# 50 cent doing coke?



## glam8babe (Dec 6, 2007)

i saw this on youtube and at first it looked like they were doing coke or whatever but i read some comments and people were saying different things like saying a prayer? before his concert.. some said looking at porn haha and some said playing chess

YouTube - 50 Cent: Kokain prije zagrebaÄkog koncerta?!

i have no idea!  he does look pretty high when he comes out to talk


----------



## Love Always Ivy (Dec 6, 2007)

not surprised.


----------



## banjobama (Dec 6, 2007)

Rich famous people on DRUGS!?!?!?!?!1! 

I kid I kid.

I didn't watch the video but I wouldn't be the slightest bit surprised if it was coke.


----------



## VeXedPiNk (Dec 6, 2007)

Looks pretty self-explanatory to me.... I think he's praying to the powdered gods haha.

But hey. Can't say for sure and either way it's his life.


----------



## SingFrAbsoltion (Dec 6, 2007)

He looks too mellow to be on coke. Maybe something else. But like someone else said, rich people on drugs..not that surprising anymore.


----------



## MiCHiE (Dec 6, 2007)

Am I the only one who really can't make anything out, besides the entourage waving people off?


----------



## user79 (Dec 7, 2007)

They are def snorting something through a rolled up bill or something...not sure if it's coke but probably very likely. 

Big woop. Just dumb that he's doing it so openly, what a fool.


----------



## CantAffordMAC (Dec 7, 2007)

wow. its not hard to believe because hes a celebrity but come on now. It is a little bit surprising when you actually see the person doing it. If it was coke, thats a shame. Hopefully he doesn't spiral out of control or anything.


----------



## MxAxC-_ATTACK (Dec 9, 2007)

thats not news.


----------



## Firebabe (Dec 9, 2007)

I seen people on coke and he was way to mellow for coke


----------



## CaraAmericana (Dec 9, 2007)

LMFAO

I was more interesting in his tshirt

I was like IS THAT THE MAC HOLIDAY TRADEMARK!!!!

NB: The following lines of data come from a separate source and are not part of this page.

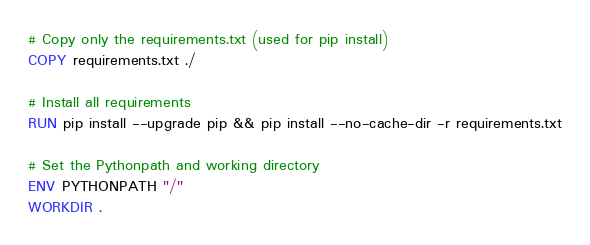Convert code to text. <code><loc_0><loc_0><loc_500><loc_500><_Dockerfile_># Copy only the requirements.txt (used for pip install)
COPY requirements.txt ./

# Install all requirements
RUN pip install --upgrade pip && pip install --no-cache-dir -r requirements.txt

# Set the Pythonpath and working directory
ENV PYTHONPATH "/"
WORKDIR .</code> 
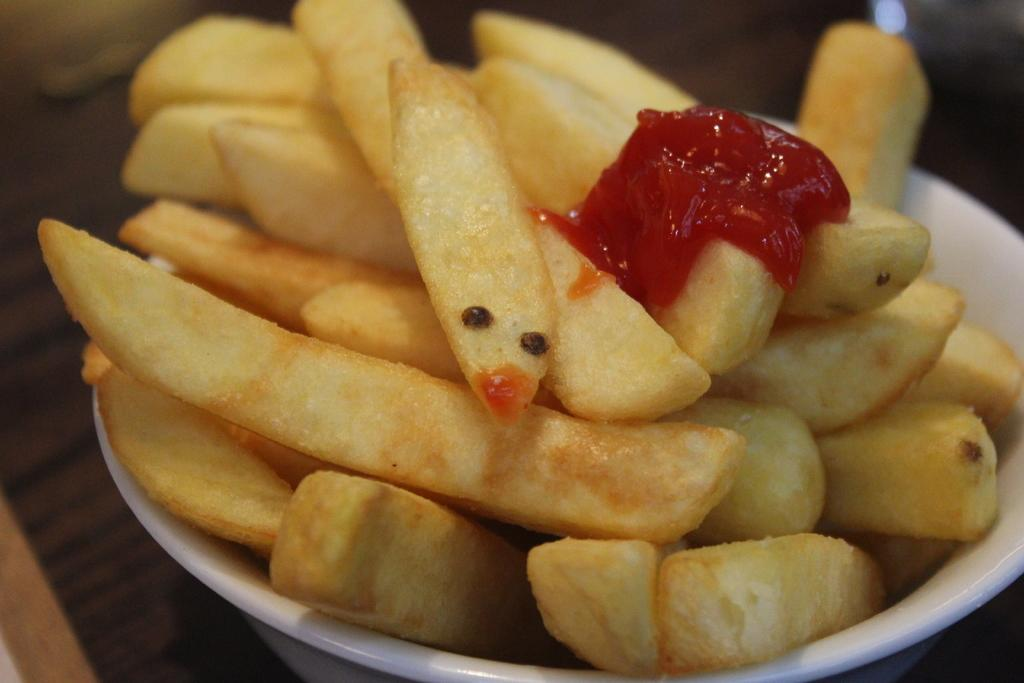What types of items can be seen in the image? There are food items in the image. How are the food items arranged or presented? The food items are served in a container. How many boats are visible in the image? There are no boats present in the image. What type of system is being used to grip the food items in the image? There is no system or grip mechanism visible in the image; the food items are simply served in a container. 
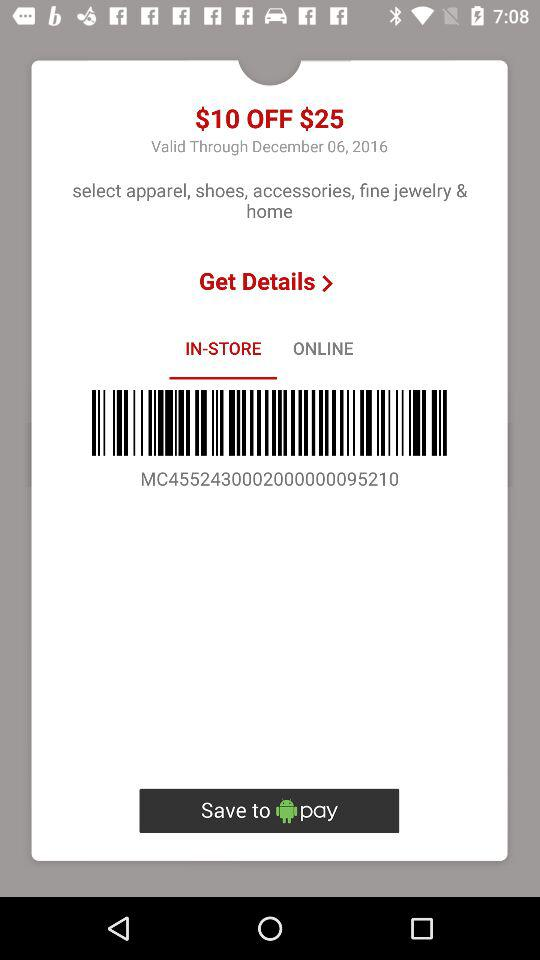How long is the $10 off coupon valid?
Answer the question using a single word or phrase. December 06, 2016 
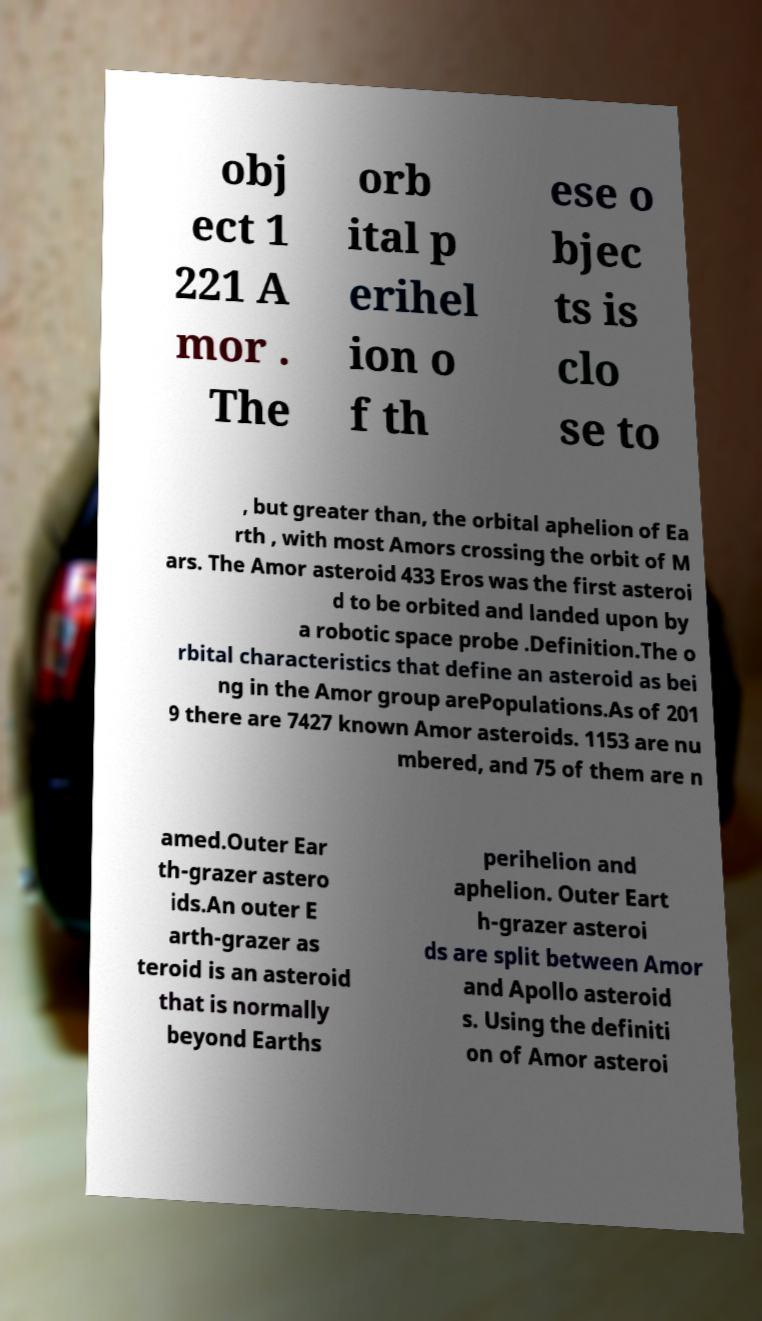There's text embedded in this image that I need extracted. Can you transcribe it verbatim? obj ect 1 221 A mor . The orb ital p erihel ion o f th ese o bjec ts is clo se to , but greater than, the orbital aphelion of Ea rth , with most Amors crossing the orbit of M ars. The Amor asteroid 433 Eros was the first asteroi d to be orbited and landed upon by a robotic space probe .Definition.The o rbital characteristics that define an asteroid as bei ng in the Amor group arePopulations.As of 201 9 there are 7427 known Amor asteroids. 1153 are nu mbered, and 75 of them are n amed.Outer Ear th-grazer astero ids.An outer E arth-grazer as teroid is an asteroid that is normally beyond Earths perihelion and aphelion. Outer Eart h-grazer asteroi ds are split between Amor and Apollo asteroid s. Using the definiti on of Amor asteroi

in my defense the clip was a little blurry....


----------



## flowerhead (Dec 9, 2007)

let's just hope it was laced with heroin so he dies already.


----------



## Firebabe (Dec 9, 2007)

Yow I wouldnt wish death on anyone plus hes hawt! lol


----------



## MiCHiE (Dec 9, 2007)

Quote:

   Originally Posted by *CaraAmericana* 

 
_LMFAO

I was more interesting in his tshirt

I was like IS THAT THE MAC HOLIDAY TRADEMARK!!!!



in my defense the clip was a little blurry...._

 






 I was thinking the same thing about the shirt.


----------



## nunu (Dec 10, 2007)

It's a shame really if he's doing coke..he is sniffing something though!


----------



## LuckyGirl3513 (Dec 10, 2007)

hes definitely doing coke.. and it does not surprise me at all. im pretty sure the majority of young hollywood does it


----------